On November 21 the family was provided with two new mattresses and two mosquito nets, a step toward having all orphans in the Cacha program sleeping under mosquito netting by February 1,2008

Kilema Support Fund

Thank you to everyone who has contributed to the fund over the last few months and who together helped to bring it to a total of $7000.There are many ways and many good ways one can see to allocate money here and we have been fortunate to have time to look closely at some of the persistent needs.Below is a short list of common needs in a community where, for most people, money is scarce.

1. Secondary school sponsorship – between $80 and $250 per school year.Critical to keep children in school and for vulnerable children it is the only social safety net.

2. Primary school sponsorship- primary education is technically free but many ‘hidden costs’: uniform, food fees, cooks fees etc.

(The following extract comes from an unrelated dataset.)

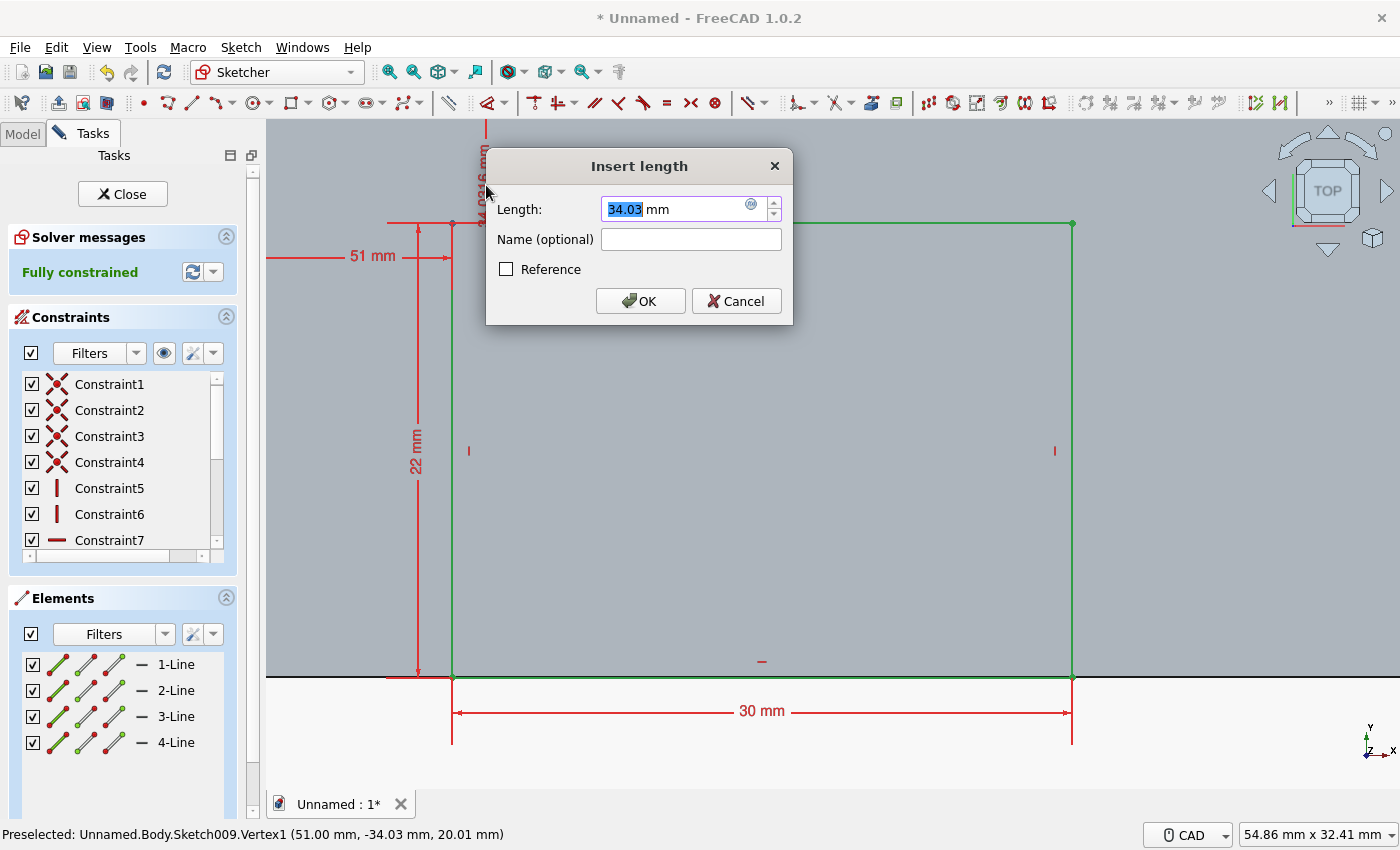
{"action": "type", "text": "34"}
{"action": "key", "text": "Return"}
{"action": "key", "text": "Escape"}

3. Income generating projects – individuals and groups are desperate to create an income source through a small enterprises for example:

·Goat husbandry


·Sewing projects

4. Provision of basic needs remains out of reach for many.

  • Mattress
  • Blankets
  • Shoes/ clothing
  • School supplies: pencil notebook
  • Mosquito nets- goal is to have all 110 orphans and family members under a net by end of February 1/08.
  • Roofing sheets ( corrugated metal)
  • Roof repair supplies –tar and filling material
  • Food- many families can not meet basic nutritional needs without help, especially critical for members on HIV treatment.
  • House repairs/rebuild

After a 2 month assessment period it has been a delight to tap into the Kilema Support Fund for recent purchases of :

mattresses (20) @ 23,000TSH each

mosquito nets (110) @ 3,600TSH each

blankets (20) @5,000TSH

sheets 20), @ 3,500TSH

and a pair of school shoes for S. who was asked to leave school because he had none. 1 pair @ 7,500TSH

The exchange rate  here  is a mathematical pleasure.1,200 TSH = $1.00 CAN

Wednesday was one of the most remarkable days on the job.I joked with my Tanzanian colleague, Denis, that he made more Bibis cry today than ever.The arrival of a mattress, bedding and mosquito nets reduced these stoic, resilient women quite frankly to tears.Some fought it but could not contain it and when one showed us the rustic bed she shares with her granddaughter she covered her eyes and it was only moments later we realized it was for upset, not embarrassment.It wasn’t our intention but we had the same effect on one after the other, after the other, as the supplies was delivered.Mattresses are such a common need, almost universal, yet for a family to part with 23,000 TSH for one, with all the other competing needs, food being primary, we see that people just get by without.Many years of getting by, two, three four, five in a bed with eroded foam in pieces or no cushioning on the wooden frame.While some of the responses today were emotional all were grateful and gracious.Thanks again to all our contributors.